Agnete Kirk Thinggaard

Personal information
- Born: Agnete Kirk Kristiansen 18 May 1983 (age 43)
- Education: Aarhus University
- Spouse: Claus Thinggaard ​ ​(m. 2008; div. 2022)​
- Children: 3
- Parent: Kjeld Kirk Kristiansen
- Relatives: Ole Kirk Christiansen (great-grandfather); Sofie Kirk Kristiansen (sister); Thomas Kirk Kristiansen (brother);

Medal record
Equestrian
Representing Denmark
European Championships
| Silver medal – second place | 2017 Gothenburg | Team dressage |

= Agnete Kirk Thinggaard =

Danish dressage rider

Agnete Kirk Thinggaard (: Kristiansen; born 18 May 1983) is a Danish Olympic dressage rider. Representing Denmark, she competed at the 2016 Summer Olympics in Rio de Janeiro where she finished 26th in the individual and 6th in the team competition.
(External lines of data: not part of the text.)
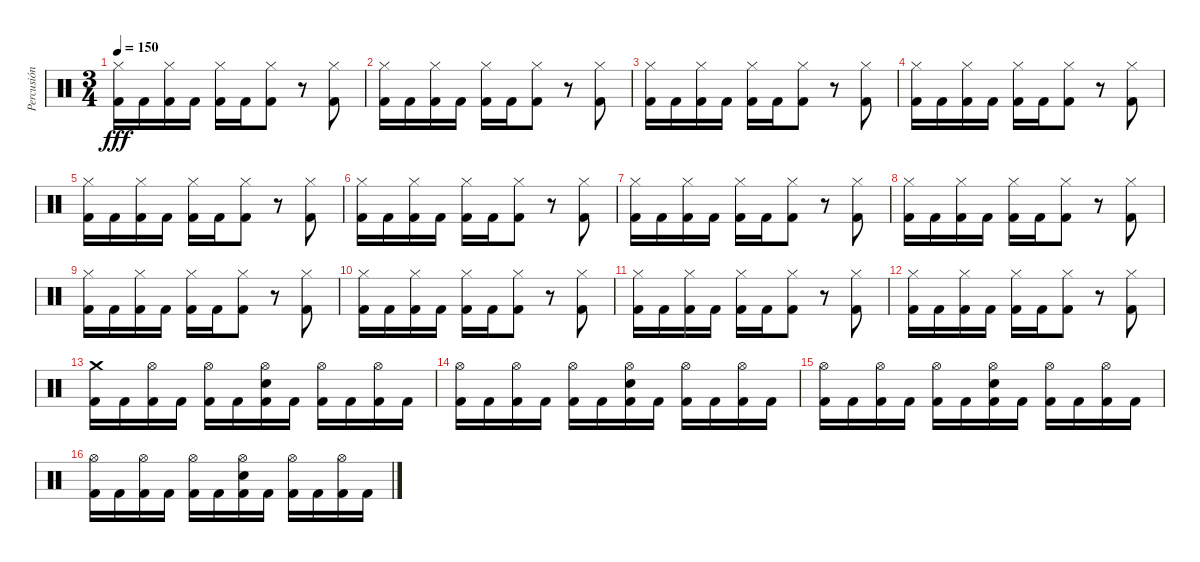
\track ("Percusión" "Percusión") {instrument percussion}
\staff {score}
\articulation defaults
\ts (3 4)
\tempo 150
\clef neutral
\ks c
("Hi-Hat (closed)" "Kick (hit) 2").16{dy fff} "Kick (hit) 2".16 ("Hi-Hat (closed)" "Kick (hit) 2").16 "Kick (hit) 2".16 ("Hi-Hat (closed)" "Kick (hit) 2").16 "Kick (hit) 2".16 ("Hi-Hat (closed)" "Kick (hit) 2").8 r.8 ("Hi-Hat (closed)" "Kick (hit) 2").8 |
("Hi-Hat (closed)" "Kick (hit) 2").16 "Kick (hit) 2".16 ("Hi-Hat (closed)" "Kick (hit) 2").16 "Kick (hit) 2".16 ("Hi-Hat (closed)" "Kick (hit) 2").16 "Kick (hit) 2".16 ("Hi-Hat (closed)" "Kick (hit) 2").8 r.8 ("Hi-Hat (closed)" "Kick (hit) 2").8 |
("Hi-Hat (closed)" "Kick (hit) 2").16 "Kick (hit) 2".16 ("Hi-Hat (closed)" "Kick (hit) 2").16 "Kick (hit) 2".16 ("Hi-Hat (closed)" "Kick (hit) 2").16 "Kick (hit) 2".16 ("Hi-Hat (closed)" "Kick (hit) 2").8 r.8 ("Hi-Hat (closed)" "Kick (hit) 2").8 |
("Hi-Hat (closed)" "Kick (hit) 2").16 "Kick (hit) 2".16 ("Hi-Hat (closed)" "Kick (hit) 2").16 "Kick (hit) 2".16 ("Hi-Hat (closed)" "Kick (hit) 2").16 "Kick (hit) 2".16 ("Hi-Hat (closed)" "Kick (hit) 2").8 r.8 ("Hi-Hat (closed)" "Kick (hit) 2").8 |
("Hi-Hat (closed)" "Kick (hit) 2").16 "Kick (hit) 2".16 ("Hi-Hat (closed)" "Kick (hit) 2").16 "Kick (hit) 2".16 ("Hi-Hat (closed)" "Kick (hit) 2").16 "Kick (hit) 2".16 ("Hi-Hat (closed)" "Kick (hit) 2").8 r.8 ("Hi-Hat (closed)" "Kick (hit) 2").8 |
("Hi-Hat (closed)" "Kick (hit) 2").16 "Kick (hit) 2".16 ("Hi-Hat (closed)" "Kick (hit) 2").16 "Kick (hit) 2".16 ("Hi-Hat (closed)" "Kick (hit) 2").16 "Kick (hit) 2".16 ("Hi-Hat (closed)" "Kick (hit) 2").8 r.8 ("Hi-Hat (closed)" "Kick (hit) 2").8 |
("Hi-Hat (closed)" "Kick (hit) 2").16 "Kick (hit) 2".16 ("Hi-Hat (closed)" "Kick (hit) 2").16 "Kick (hit) 2".16 ("Hi-Hat (closed)" "Kick (hit) 2").16 "Kick (hit) 2".16 ("Hi-Hat (closed)" "Kick (hit) 2").8 r.8 ("Hi-Hat (closed)" "Kick (hit) 2").8 |
("Hi-Hat (closed)" "Kick (hit) 2").16 "Kick (hit) 2".16 ("Hi-Hat (closed)" "Kick (hit) 2").16 "Kick (hit) 2".16 ("Hi-Hat (closed)" "Kick (hit) 2").16 "Kick (hit) 2".16 ("Hi-Hat (closed)" "Kick (hit) 2").8 r.8 ("Hi-Hat (closed)" "Kick (hit) 2").8 |
("Hi-Hat (closed)" "Kick (hit) 2").16 "Kick (hit) 2".16 ("Hi-Hat (closed)" "Kick (hit) 2").16 "Kick (hit) 2".16 ("Hi-Hat (closed)" "Kick (hit) 2").16 "Kick (hit) 2".16 ("Hi-Hat (closed)" "Kick (hit) 2").8 r.8 ("Hi-Hat (closed)" "Kick (hit) 2").8 |
("Hi-Hat (closed)" "Kick (hit) 2").16 "Kick (hit) 2".16 ("Hi-Hat (closed)" "Kick (hit) 2").16 "Kick (hit) 2".16 ("Hi-Hat (closed)" "Kick (hit) 2").16 "Kick (hit) 2".16 ("Hi-Hat (closed)" "Kick (hit) 2").8 r.8 ("Hi-Hat (closed)" "Kick (hit) 2").8 |
("Hi-Hat (closed)" "Kick (hit) 2").16 "Kick (hit) 2".16 ("Hi-Hat (closed)" "Kick (hit) 2").16 "Kick (hit) 2".16 ("Hi-Hat (closed)" "Kick (hit) 2").16 "Kick (hit) 2".16 ("Hi-Hat (closed)" "Kick (hit) 2").8 r.8 ("Hi-Hat (closed)" "Kick (hit) 2").8 |
("Hi-Hat (closed)" "Kick (hit) 2").16 "Kick (hit) 2".16 ("Hi-Hat (closed)" "Kick (hit) 2").16 "Kick (hit) 2".16 ("Hi-Hat (closed)" "Kick (hit) 2").16 "Kick (hit) 2".16 ("Hi-Hat (closed)" "Kick (hit) 2").8 r.8 ("Hi-Hat (closed)" "Kick (hit) 2").8 |
("Crash medium (hit)" "Kick (hit) 2").16 "Kick (hit) 2".16 ("Hi-Hat (open)" "Kick (hit) 2").16 "Kick (hit) 2".16 ("Hi-Hat (open)" "Kick (hit) 2").16 "Kick (hit) 2".16 ("Hi-Hat (open)" "Snare (hit) 2" "Kick (hit) 2").16 "Kick (hit) 2".16 ("Hi-Hat (open)" "Kick (hit) 2").16 "Kick (hit) 2".16 ("Hi-Hat (open)" "Kick (hit) 2").16 "Kick (hit) 2".16 |
("Hi-Hat (open)" "Kick (hit) 2").16 "Kick (hit) 2".16 ("Hi-Hat (open)" "Kick (hit) 2").16 "Kick (hit) 2".16 ("Hi-Hat (open)" "Kick (hit) 2").16 "Kick (hit) 2".16 ("Hi-Hat (open)" "Snare (hit) 2" "Kick (hit) 2").16 "Kick (hit) 2".16 ("Hi-Hat (open)" "Kick (hit) 2").16 "Kick (hit) 2".16 ("Hi-Hat (open)" "Kick (hit) 2").16 "Kick (hit) 2".16 |
("Hi-Hat (open)" "Kick (hit) 2").16 "Kick (hit) 2".16 ("Hi-Hat (open)" "Kick (hit) 2").16 "Kick (hit) 2".16 ("Hi-Hat (open)" "Kick (hit) 2").16 "Kick (hit) 2".16 ("Hi-Hat (open)" "Snare (hit) 2" "Kick (hit) 2").16 "Kick (hit) 2".16 ("Hi-Hat (open)" "Kick (hit) 2").16 "Kick (hit) 2".16 ("Hi-Hat (open)" "Kick (hit) 2").16 "Kick (hit) 2".16 |
("Hi-Hat (open)" "Kick (hit) 2").16 "Kick (hit) 2".16 ("Hi-Hat (open)" "Kick (hit) 2").16 "Kick (hit) 2".16 ("Hi-Hat (open)" "Kick (hit) 2").16 "Kick (hit) 2".16 ("Hi-Hat (open)" "Snare (hit) 2" "Kick (hit) 2").16 "Kick (hit) 2".16 ("Hi-Hat (open)" "Kick (hit) 2").16 "Kick (hit) 2".16 ("Hi-Hat (open)" "Kick (hit) 2").16 "Kick (hit) 2".16

Kirk Thinggaard also competed at two editions of Dressage World Cup finals (in 2015 and 2016), achieving 11th and 9th place, respectively. Through 2020, she had made 103 starts in FEI-recognized events.

She is the youngest daughter of former Lego CEO Kjeld Kirk Kristiansen, the granddaughter of Godtfred Kirk Christiansen and great-granddaughter of the company founder Ole Kirk Christiansen. Together with her father, sister Sofie and brother Thomas, they split ownership of a 75% stake in the company. According to Forbes, her net worth was estimated at $8 billion as of 2021. According to Olympedia, she may be the wealthiest Olympian of all time.

She married Claus Thinggaard in 2008 with whom she has three daughters. The couple divorced in 2022. She has a bachelor's degree in psychology from Aarhus University.